For some, McIntyre’s is an easy case. I concede that one can make a good argument that working on-screen for a public broadcaster is a special case. If you have a public profile you must accept your job is dependent on the public. Want to host the Today Show? You might need to keep your radical ideas to yourself.
Also, the public broadcaster has a special responsibility to represent the whole community, and as such demands a certain degree of decorum from its employees.
McIntyre’s situation is more complex.

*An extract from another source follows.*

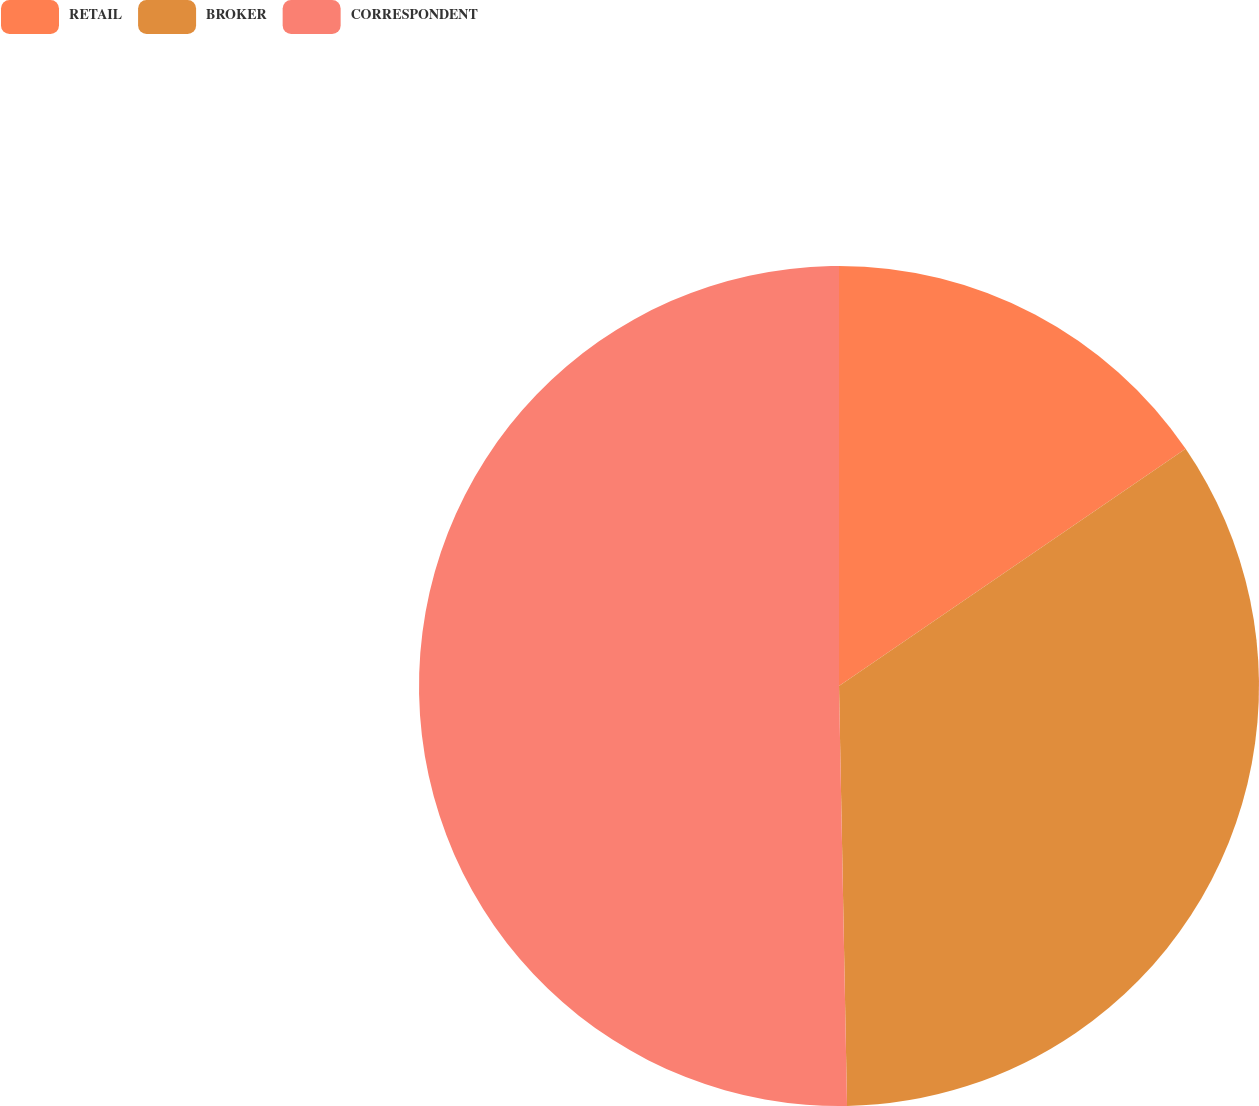Convert chart to OTSL. <chart><loc_0><loc_0><loc_500><loc_500><pie_chart><fcel>RETAIL<fcel>BROKER<fcel>CORRESPONDENT<nl><fcel>15.45%<fcel>34.24%<fcel>50.3%<nl></chart>

He is a football commentator, not a political one. His tweets favored neither political party. Contrary to the assertion of SBS management, there is no evidence his audience had lost confidence in him. He was fired because people, many of whom may not even like football (they still call it soccer), deemed his tweets offensive.
Further, do we really believe the campaign would have been any less vitriolic if McIntyre worked for Fox Sports? In the United States Lindsey Stone was fired for “flipping the bird” at the Arlington military cemetery. Her conduct undermined the “charities” values. These lines seem to shift depending on who the mob is after.
If we are going to extend the “taxpayer funded” analogy how far does it extend? Do Centrelink desk workers, government lawyers, and public school teachers all have to accept that piety on Anzac day is a condition of employment?
In a connected world, any speech deemed offensive enough could implicate the brand of an employer, and breach a code of conduct drafted by some risk-allergic functionary. Surely this has a chilling effect on free speech.
Anyone who needs to pay their bills will think twice before expressing views about subjects.
There is a risk the freedom to be unorthodox or offensive becomes a privilege, exercisable by those secure enough to take the risk, or those with a benefactor. Take for example, the Murdoch press who, as Rafi Alam showed have not been wasting their privilege to be offensive.
So no, being shamed by an online mob, and sacked from your job is not as serious as state-based censorship. The power of the state is still the most dangerous threat to free expression. Nevertheless, being fired and shamed is a form of punishment for your ideas. It discourages dissent, effectively silencing a speaker, and limits the scope of our national conversation.
What should we do? I don’t know. My aim here is modest: to show that when we organize so swiftly that someone is fired on Sunday morning for something they say on Saturday night, freedom of speech is implicated.
It was an illustration that the Internet has given society extraordinary power to speak, coupled with an unprecedented power to stifle unwanted opinions.
And no, I’m still not telling you what I think of the tweets, it’s still beside the point.